There are a few different ways to get a test into MTurk. The most direct method is through the built-in survey builder, which has a number of question types you can modify, from multiple choice check boxes and radio buttons, to paragraph entry fields for open questions. You can use the visual editor or html editor to customize your questions, embed images, or whatever else you’d like to include. You can create individual HITs, or you can build your HIT as a new project, which you can save and use as a template for running multiple tests, called batches. This is very convenient if you want to A/B test different elements of your HIT to try and improve the responses you get.

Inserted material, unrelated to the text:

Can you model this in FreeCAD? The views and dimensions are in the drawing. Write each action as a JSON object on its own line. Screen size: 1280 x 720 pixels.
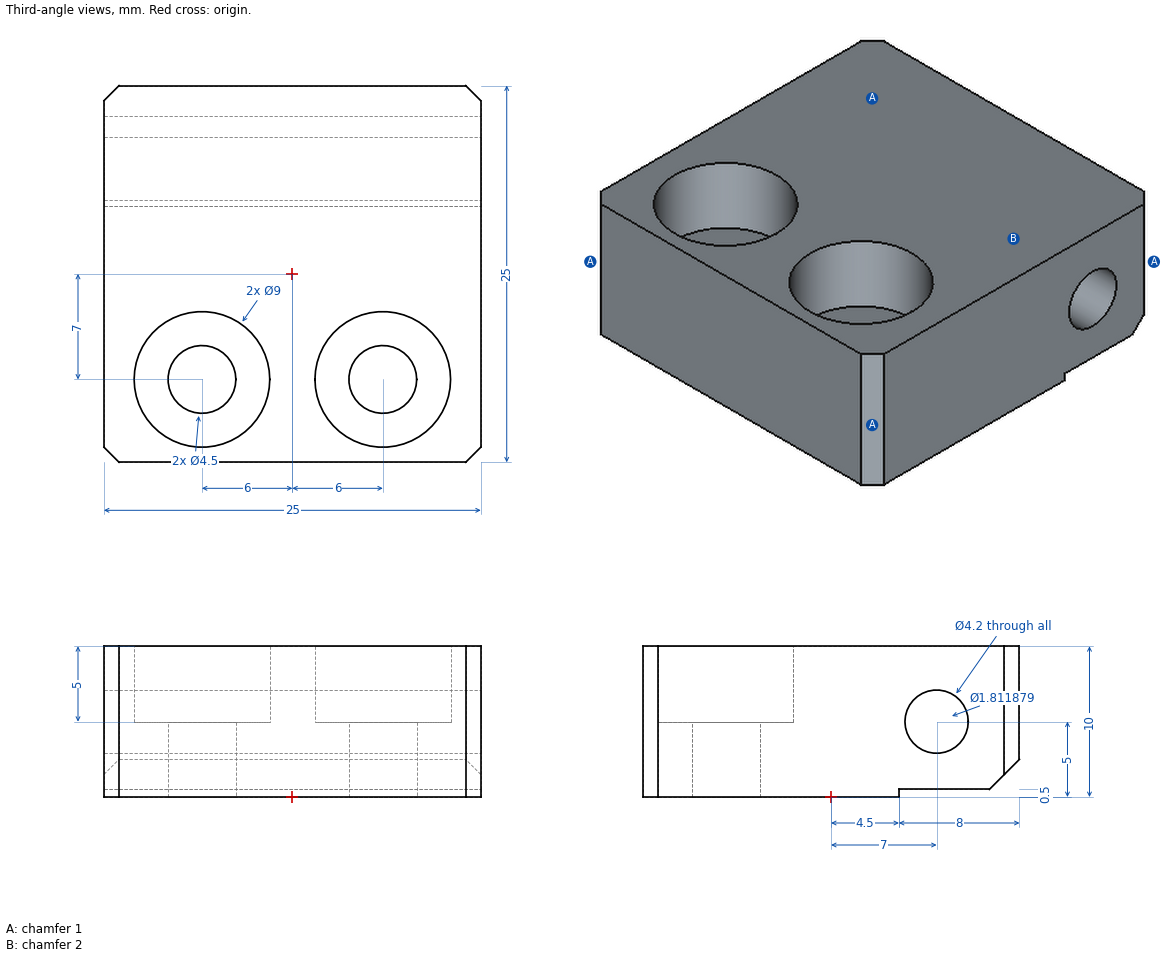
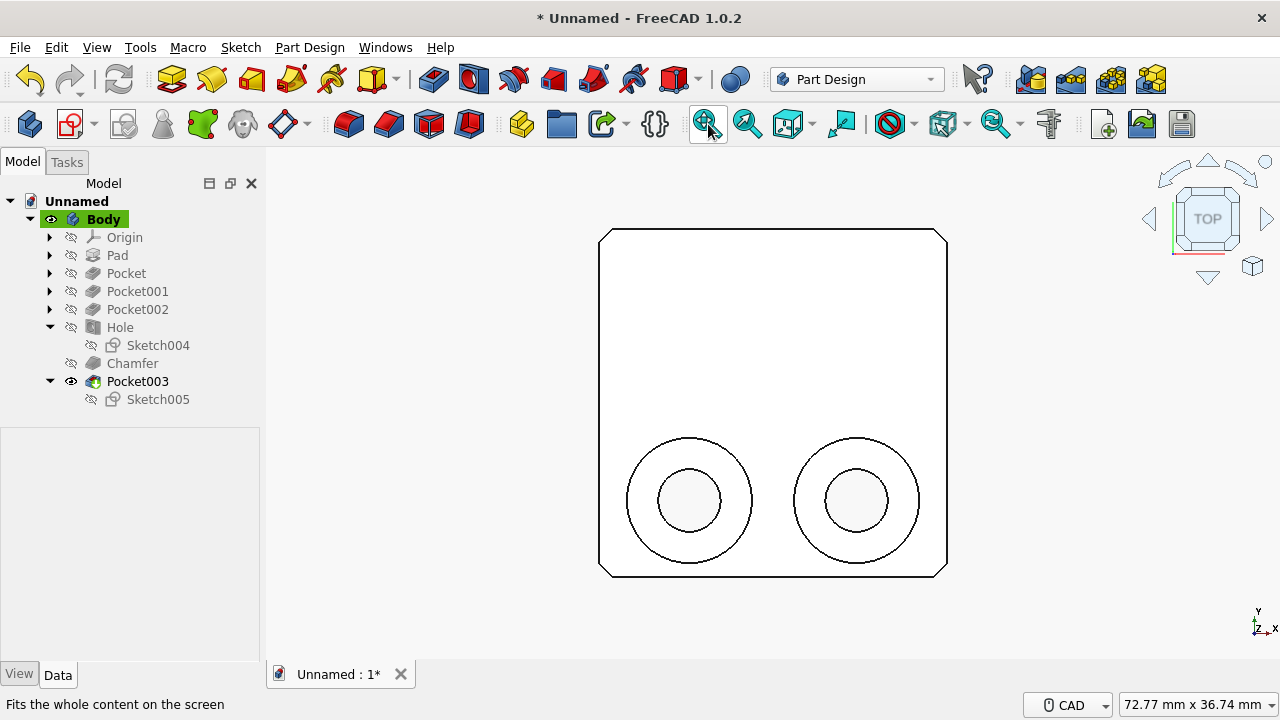
{"action": "key", "text": "1"}

If you struggle with the no-frills interface, another option we’ve used is to build a survey by creating a Google form in Google Drive, and then embedding the html into the html editor in MTurk. This will enable you to create more advanced form elements and give you more control of their appearance, from visual themes to custom validation messages. The best part about this method is that you can also share the form with a link, so you can distribute this survey to your own list in addition to the MTurk network.
You don’t have to invent the wheel.
Another option is to create a test using a testing service, and then distribute a link to the hosted test through MTurk. A testing site we really like is UsabilityHub. The UI here is beautifully crafted, and the experience is very intuitive. They have a number of test types you can run, and setup is a breeze. A great feature is the karma system they’ve enacted which gamifies the experience by allowing you to earn testing credits by taking other people’s tests. You earn a point for every test you take yourself, and each point is good for one user response to your own test. It makes it easy to experience the product for free while growing the testing community, and the tests are fun and kind of addicting.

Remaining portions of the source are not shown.